Intervention de Nicole Belloubet

Réunion du mercredi 24 octobre 2018 à 16h40
Commission des lois constitutionnelles, de la législation et de l'administration générale de la république

Nicole Belloubet, garde des Sceaux, ministre de la Justice :

C'est un roman-fleuve que la réponse que je me prépare à apporter ! J'essaierai d'être synthétique.

Madame Louis, vous insistez sur trois points. Vous soulignez, et je vous en remercie, l'effort budgétaire important. Vous abordez ensuite la question de la transformation numérique. Je redis ce que j'ai déjà eu l'occasion d'indiquer tout à l'heure, nous sommes extrêmement arc-boutés sur ce que je considère être une question de crédibilité pour la réforme de la justice – vraiment une question de crédibilité. Cela se traduira notamment par trois éléments importants : le portail du SAUJ, qui permettra de répondre aux questions du justiciable lorsqu'il vient voir un greffier ; le portail du justiciable, qui permettra à tous les justiciables d'avoir accès à leurs procédures en ligne ; le portail des juridictions, qui correspond à la dématérialisation complète d'une procédure – et qui ne pourra bien sûr se mettre en place que de manière progressive. Pour moi, c'est vraiment une question de crédibilité. De manière très emblématique, la dématérialisation du B3 constitue en quelque sorte une première pierre, symbolique et efficace, de cette volonté.
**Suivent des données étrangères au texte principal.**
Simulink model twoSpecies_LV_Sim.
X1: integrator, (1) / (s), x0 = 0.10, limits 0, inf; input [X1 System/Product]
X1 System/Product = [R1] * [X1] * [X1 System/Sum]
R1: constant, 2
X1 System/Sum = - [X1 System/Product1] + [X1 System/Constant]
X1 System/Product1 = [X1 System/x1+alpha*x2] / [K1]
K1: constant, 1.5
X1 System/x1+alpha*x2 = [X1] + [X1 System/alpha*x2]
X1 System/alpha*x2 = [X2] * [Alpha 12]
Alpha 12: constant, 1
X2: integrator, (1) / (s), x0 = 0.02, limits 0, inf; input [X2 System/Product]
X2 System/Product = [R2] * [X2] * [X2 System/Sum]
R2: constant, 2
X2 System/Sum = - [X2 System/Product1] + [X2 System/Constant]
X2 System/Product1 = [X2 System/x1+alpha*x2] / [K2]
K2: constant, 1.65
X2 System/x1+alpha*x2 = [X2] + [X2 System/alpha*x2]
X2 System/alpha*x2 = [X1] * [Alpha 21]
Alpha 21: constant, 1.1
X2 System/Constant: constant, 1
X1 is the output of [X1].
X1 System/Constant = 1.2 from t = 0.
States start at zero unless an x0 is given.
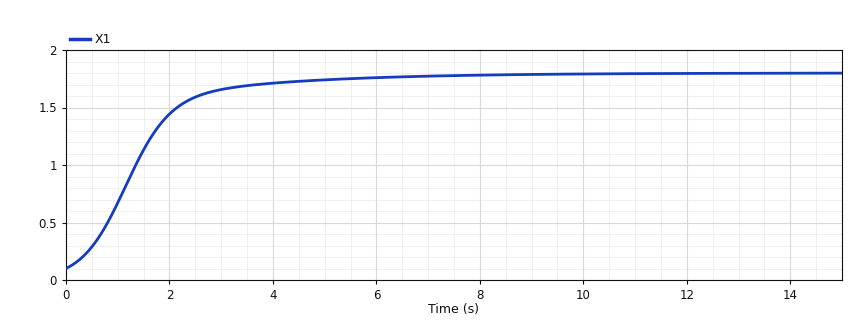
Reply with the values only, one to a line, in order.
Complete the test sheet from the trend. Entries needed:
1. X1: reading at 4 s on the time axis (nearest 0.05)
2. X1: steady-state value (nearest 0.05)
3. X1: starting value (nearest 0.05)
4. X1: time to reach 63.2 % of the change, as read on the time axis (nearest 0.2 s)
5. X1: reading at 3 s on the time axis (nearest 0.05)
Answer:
1.70
1.80
0.10
1.6 s
1.65
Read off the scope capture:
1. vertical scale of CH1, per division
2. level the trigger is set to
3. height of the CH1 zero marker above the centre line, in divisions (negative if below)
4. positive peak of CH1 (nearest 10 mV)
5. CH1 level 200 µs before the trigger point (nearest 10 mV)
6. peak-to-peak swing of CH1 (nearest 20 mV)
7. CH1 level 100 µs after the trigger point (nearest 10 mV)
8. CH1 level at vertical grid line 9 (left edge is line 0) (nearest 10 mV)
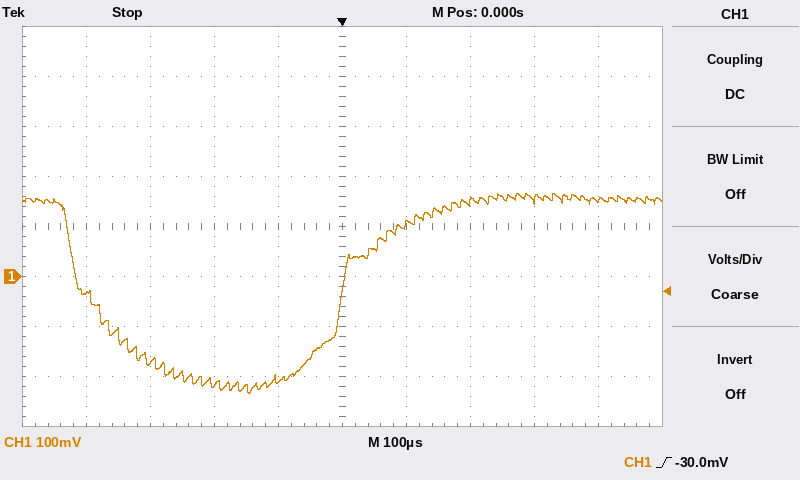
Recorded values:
100 mV
-30.0 mV
-1.0 div
170 mV
-220 mV
400 mV
100 mV
150 mV

Vous m'interrogez ensuite sur les CEF et soulignez l'exemple de celui de Marseille que vous êtes allée voir et à propos duquel vous considérez que le travail accompli est très positif. Nous avons, en effet, beaucoup repensé le travail conduit par les CEF à la suite des différents dysfonctionnements mis en lumière par les rapports de la Contrôleure générale des lieux de privation de liberté ou de notre propre inspection. Je pense que le modèle que nous construisons, qui est un modèle plus adapté, plus progressif et très pluridisciplinaire, nous permettra de prendre en charge correctement les jeunes qui y sont affectés. Mon idée, pour les jeunes mineurs délinquants en difficulté, est de proposer une pluralité de réponses. Je le redis ici, il existe une vraie détention et, comme je l'ai indiqué tout à l'heure dans l'hémicycle, près de 900 mineurs sont actuellement en prison. Il existe aussi des CEF – 51 à ce jour et 71 en 2022 – ainsi que des mesures d'accueil de jour ou encore l'accueil dans les familles. Cette palette nous permet de répondre aux différentes spécificités. S'agissant des nouveaux CEF, nous avons lancé un appel à projets au mois de juillet dernier et les procédures sont en cours au moment où je vous parle.
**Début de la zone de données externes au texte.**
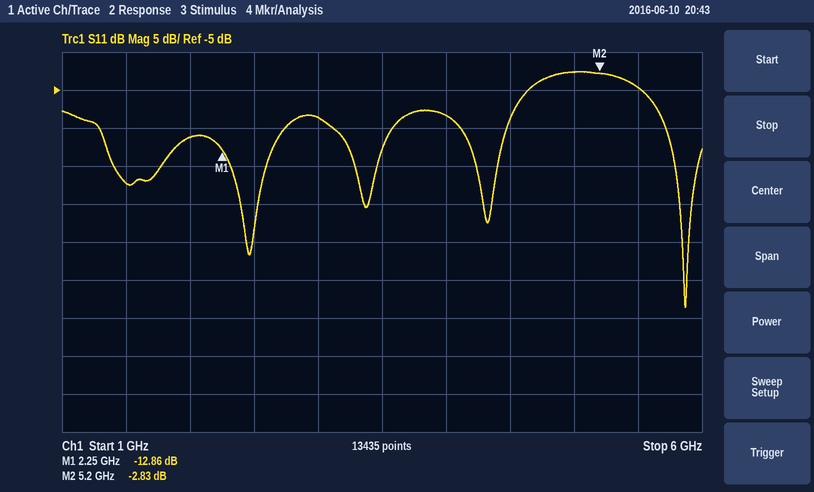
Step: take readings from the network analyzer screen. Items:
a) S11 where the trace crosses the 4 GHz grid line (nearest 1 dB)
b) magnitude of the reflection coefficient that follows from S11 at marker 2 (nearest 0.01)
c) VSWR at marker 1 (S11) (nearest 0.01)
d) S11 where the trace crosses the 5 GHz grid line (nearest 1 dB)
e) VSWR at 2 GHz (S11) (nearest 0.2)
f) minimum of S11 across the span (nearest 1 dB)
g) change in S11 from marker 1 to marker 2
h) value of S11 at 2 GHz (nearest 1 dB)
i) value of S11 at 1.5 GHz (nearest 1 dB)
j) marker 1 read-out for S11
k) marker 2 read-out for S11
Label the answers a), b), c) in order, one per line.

a) -8 dB
b) 0.72
c) 1.59
d) -3 dB
e) 1.8
f) -34 dB
g) 10.03 dB
h) -11 dB
i) -17 dB
j) -12.86 dB
k) -2.83 dB
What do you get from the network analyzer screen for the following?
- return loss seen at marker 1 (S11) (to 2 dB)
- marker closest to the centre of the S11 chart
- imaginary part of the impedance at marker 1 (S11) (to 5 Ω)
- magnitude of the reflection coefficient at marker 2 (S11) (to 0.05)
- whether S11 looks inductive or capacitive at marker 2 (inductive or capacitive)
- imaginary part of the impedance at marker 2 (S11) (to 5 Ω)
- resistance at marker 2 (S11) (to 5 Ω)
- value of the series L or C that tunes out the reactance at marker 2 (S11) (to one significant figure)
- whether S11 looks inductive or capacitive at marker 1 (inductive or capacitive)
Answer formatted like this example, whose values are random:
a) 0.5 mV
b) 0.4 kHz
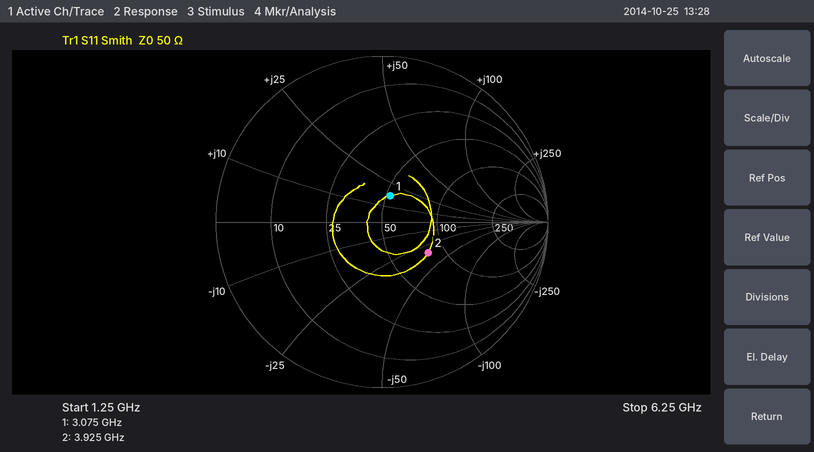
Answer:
a) 16 dB
b) marker 1
c) +15 Ω
d) 0.35
e) capacitive
f) -35 Ω
g) 80 Ω
h) 1 nH
i) inductive
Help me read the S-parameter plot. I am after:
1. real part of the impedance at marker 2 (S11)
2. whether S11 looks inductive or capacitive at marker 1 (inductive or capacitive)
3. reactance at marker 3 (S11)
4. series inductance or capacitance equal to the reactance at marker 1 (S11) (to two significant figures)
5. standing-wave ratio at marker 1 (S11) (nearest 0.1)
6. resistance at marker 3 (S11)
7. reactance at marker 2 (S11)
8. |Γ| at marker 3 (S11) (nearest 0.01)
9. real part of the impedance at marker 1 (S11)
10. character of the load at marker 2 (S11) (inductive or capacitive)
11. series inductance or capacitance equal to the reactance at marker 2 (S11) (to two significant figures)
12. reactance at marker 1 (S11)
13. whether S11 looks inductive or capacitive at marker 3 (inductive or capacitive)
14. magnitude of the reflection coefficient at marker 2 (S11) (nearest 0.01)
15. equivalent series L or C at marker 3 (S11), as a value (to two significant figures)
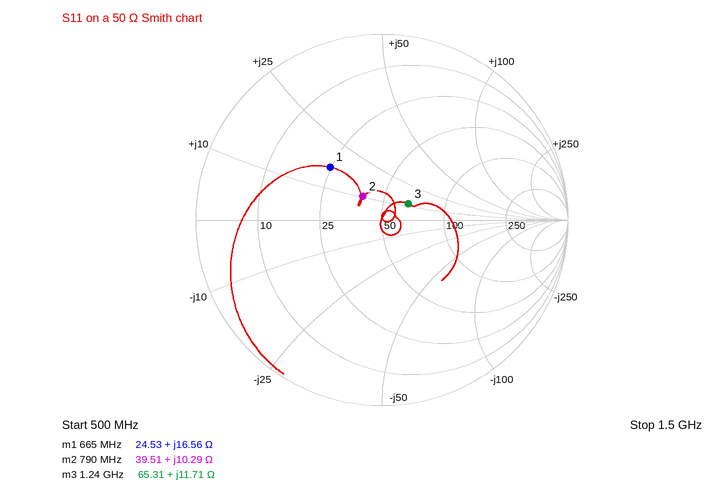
39.51 Ω
inductive
+11.71 Ω
4.0 nH
2.3
65.31 Ω
+10.29 Ω
0.17
24.53 Ω
inductive
2.1 nH
+16.56 Ω
inductive
0.16
1.5 nH
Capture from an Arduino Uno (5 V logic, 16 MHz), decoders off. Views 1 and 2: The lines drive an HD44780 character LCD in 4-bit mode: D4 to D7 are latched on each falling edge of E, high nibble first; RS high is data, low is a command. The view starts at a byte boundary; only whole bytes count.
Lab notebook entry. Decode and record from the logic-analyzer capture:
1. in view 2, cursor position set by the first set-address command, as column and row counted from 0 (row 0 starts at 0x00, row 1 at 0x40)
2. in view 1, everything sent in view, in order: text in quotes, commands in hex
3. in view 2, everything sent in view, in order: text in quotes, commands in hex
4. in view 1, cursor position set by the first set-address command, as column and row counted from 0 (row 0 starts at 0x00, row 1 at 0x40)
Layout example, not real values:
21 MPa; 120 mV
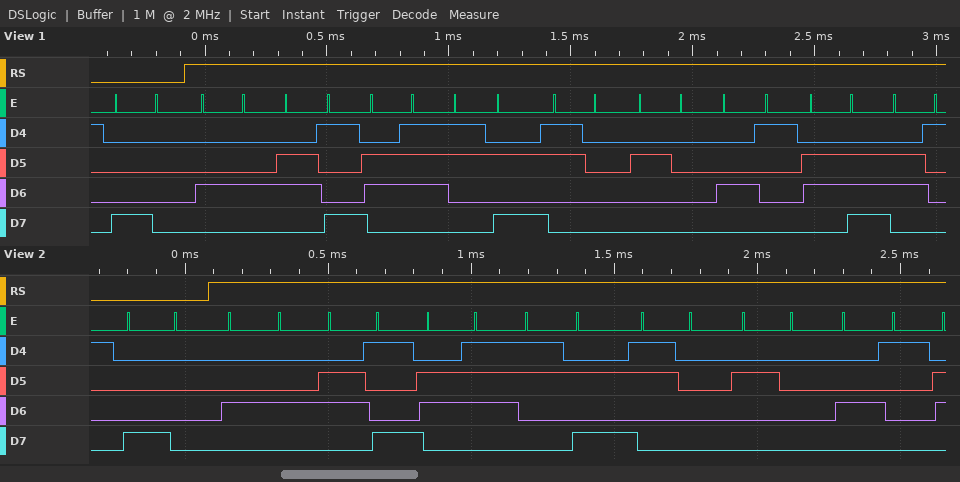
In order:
column 0, row 0; 0x80 "Dig:0 Ana"; 0x80 "Dig:0 A"; column 0, row 0

Monsieur Masson, vous m'avez interrogée sur plusieurs points, en commençant par soulever l'immense retard de cette fonction régalienne qu'est la justice. Certes, mais je ne sais pas s'il faut se contenter de dire cela, ou s'il ne vaut mieux pas, malgré tout, se réjouir du rattrapage qu'à raison de deux années consécutives je vous propose. Ce point me semble tout de même important.
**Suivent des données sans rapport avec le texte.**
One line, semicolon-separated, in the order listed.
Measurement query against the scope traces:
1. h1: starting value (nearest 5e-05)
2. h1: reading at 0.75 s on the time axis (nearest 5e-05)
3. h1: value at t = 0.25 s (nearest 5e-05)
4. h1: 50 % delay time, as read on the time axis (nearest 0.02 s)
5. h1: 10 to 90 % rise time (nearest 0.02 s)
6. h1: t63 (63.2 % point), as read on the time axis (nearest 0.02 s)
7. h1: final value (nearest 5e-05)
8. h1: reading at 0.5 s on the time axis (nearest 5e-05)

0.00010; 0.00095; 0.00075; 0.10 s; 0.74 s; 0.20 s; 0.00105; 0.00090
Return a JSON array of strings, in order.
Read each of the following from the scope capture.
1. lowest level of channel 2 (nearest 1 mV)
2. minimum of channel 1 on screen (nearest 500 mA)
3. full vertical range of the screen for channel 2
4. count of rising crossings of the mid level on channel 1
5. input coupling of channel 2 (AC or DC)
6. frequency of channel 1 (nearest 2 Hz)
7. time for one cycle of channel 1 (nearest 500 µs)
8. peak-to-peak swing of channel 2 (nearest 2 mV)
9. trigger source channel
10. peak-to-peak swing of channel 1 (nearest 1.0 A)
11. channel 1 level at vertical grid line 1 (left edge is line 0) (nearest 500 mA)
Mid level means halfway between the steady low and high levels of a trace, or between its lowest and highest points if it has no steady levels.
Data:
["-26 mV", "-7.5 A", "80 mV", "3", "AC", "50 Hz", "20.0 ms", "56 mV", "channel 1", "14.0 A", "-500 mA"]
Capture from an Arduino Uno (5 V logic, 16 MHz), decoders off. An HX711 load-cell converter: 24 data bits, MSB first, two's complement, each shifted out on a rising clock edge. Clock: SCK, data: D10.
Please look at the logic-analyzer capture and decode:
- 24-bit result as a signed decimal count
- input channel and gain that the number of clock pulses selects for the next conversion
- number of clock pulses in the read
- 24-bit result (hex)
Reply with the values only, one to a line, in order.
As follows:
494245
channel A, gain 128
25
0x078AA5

Vous avez fait allusion, à l'instar de M. Stéphane Peu, à l'étude de la CEPEJ. Elle montre effectivement que, dans les pays européens, la France n'est pas bien placée. Je vous l'accorde, mais j'apporte aussi un bémol. Sans nullement contester la qualité de l'étude, je précise, d'une part, qu'il s'agit des chiffres de 2016 et que ceux de 2018 montreraient nécessairement une amélioration. D'autre part, il importe de raisonner à périmètre constant. Cette étude, par exemple, ne prend pas en compte la spécificité de la justice française qui compte des juges non professionnels – les juges des tribunaux de commerce et les juges des conseils de prud'hommes. Mon propos n'est pas polémique, mais vise simplement à observer qu'il faut comparer ce qui est comparable. En tout cas, pour ma part, je me réjouis de notre contribution à l'amélioration du fonctionnement de notre justice.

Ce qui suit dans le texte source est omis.